KÜLTÜR SANAT - 25 Ocak 2014 Cumartesi 19:19

Edebiyata 'Yedirenk'

A
A
A
Edebiyata 'Yedirenk'

Resimden sinemaya, müzikten mimariye, tiyatrodan edebiyata, birçok alanda önemli dosyaları olan Yedirenk Hayat ve Sanat Dergisi, yayın hayatına ‘merhaba’ dedi.

Hayatın ve sanatın tüm renklerini içinde barındıran aylık Yedirenk Hayat ve Sanat Dergisi, ilk sayısıyla Ocak 2014’te okuyucuyla buluştu. Derginin tanıtım toplantısı da bugün Taksim Elite World Otel’de yapıldı. Lansman programına sanat ve edebiyat dünyasının tanınmış simaları da katıldı.

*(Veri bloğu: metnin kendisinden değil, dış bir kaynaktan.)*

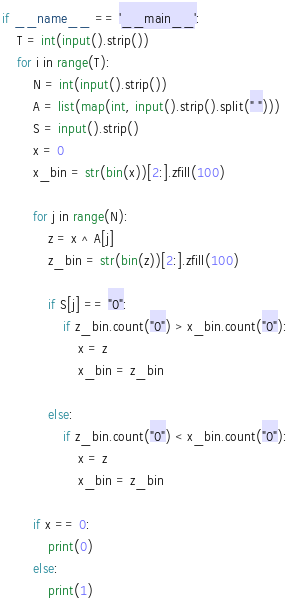Convert code to text. <code><loc_0><loc_0><loc_500><loc_500><_Python_>if __name__ == '__main__':
    T = int(input().strip())
    for i in range(T):
        N = int(input().strip())
        A = list(map(int, input().strip().split(" ")))
        S = input().strip()
        x = 0
        x_bin = str(bin(x))[2:].zfill(100)

        for j in range(N):
            z = x ^ A[j]
            z_bin = str(bin(z))[2:].zfill(100)

            if S[j] == "0":
                if z_bin.count("0") > x_bin.count("0"):
                    x = z
                    x_bin = z_bin

            else:
                if z_bin.count("0") < x_bin.count("0"):
                    x = z
                    x_bin = z_bin

        if x == 0:
            print(0)
        else:
            print(1)</code> 
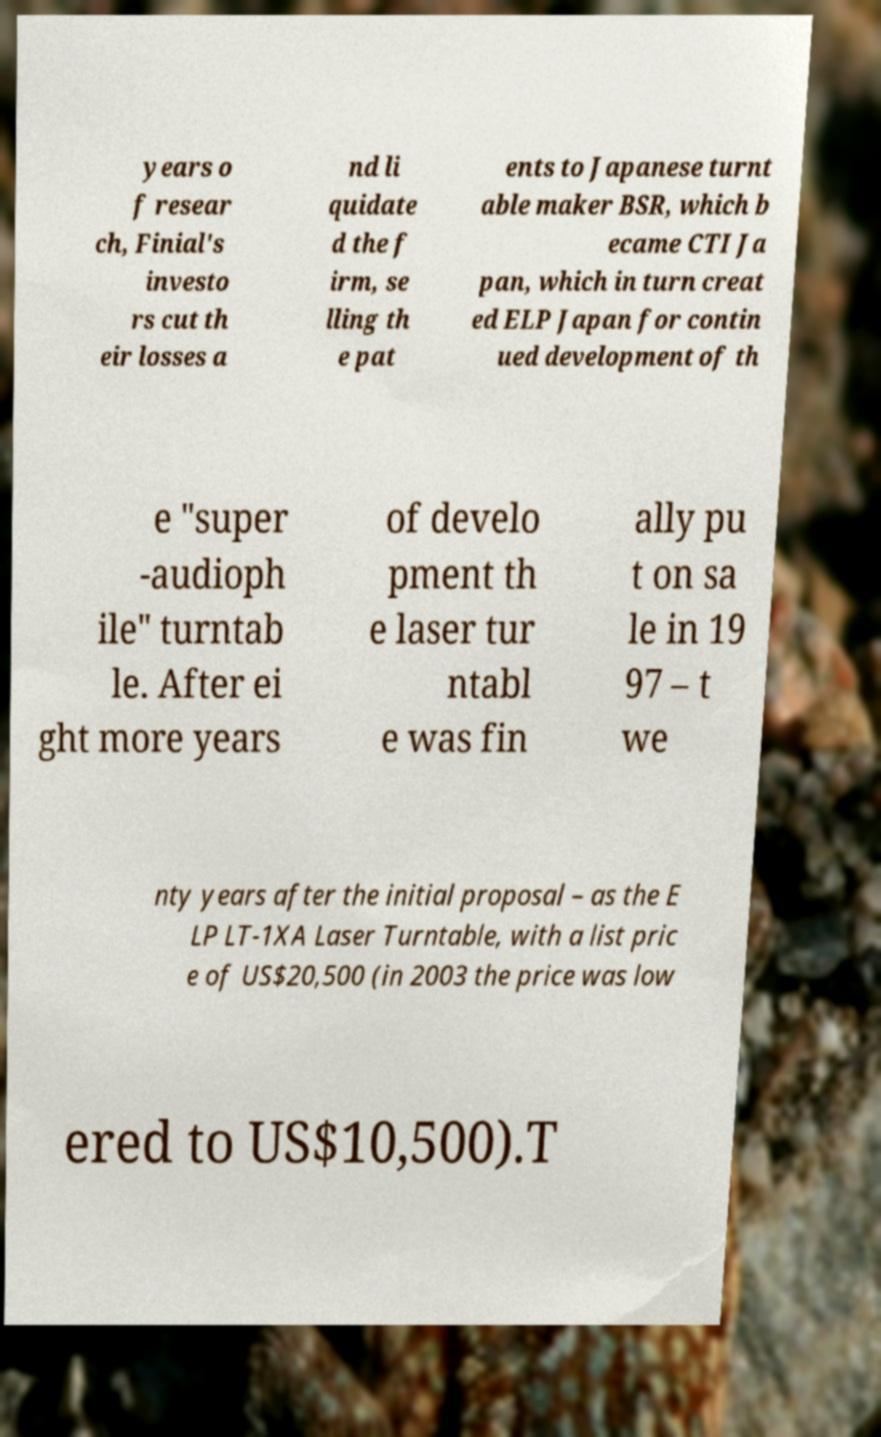For documentation purposes, I need the text within this image transcribed. Could you provide that? years o f resear ch, Finial's investo rs cut th eir losses a nd li quidate d the f irm, se lling th e pat ents to Japanese turnt able maker BSR, which b ecame CTI Ja pan, which in turn creat ed ELP Japan for contin ued development of th e "super -audioph ile" turntab le. After ei ght more years of develo pment th e laser tur ntabl e was fin ally pu t on sa le in 19 97 – t we nty years after the initial proposal – as the E LP LT-1XA Laser Turntable, with a list pric e of US$20,500 (in 2003 the price was low ered to US$10,500).T

Hayatın ve sanatın tüm renklerini içinde barındıran aylık Yedirenk Hayat ve Sanat Dergisi, ilk sayısıyla Ocak 2014’te okuyucuyla buluştu. Derginin tanıtım toplantısı da bugün Taksim Elite World Otel’de yapıldı. Lansman programına sanat ve edebiyat dünyasının tanınmış simaları da katıldı. Toplantı, Yedirenk Sanat Vakfı Başkanı Ali Tokul’un konuşmasıyla başladı. Duru, temiz, sahici bir dergi olması için yola çıktıklarını söyleyen Tokul, ‘Uzun ve zorlu bir süreçten sonra Yedirenk Sanat Vakfı’nın en çok önem verdiği projelerden biri olan Yedirenk Hayat ve Sanat Dergisi yayın hayatına ilk adımını atmış, edebiyat ve sanat dünyası için de yeni bir sayfa açılmış oldu’ dedi.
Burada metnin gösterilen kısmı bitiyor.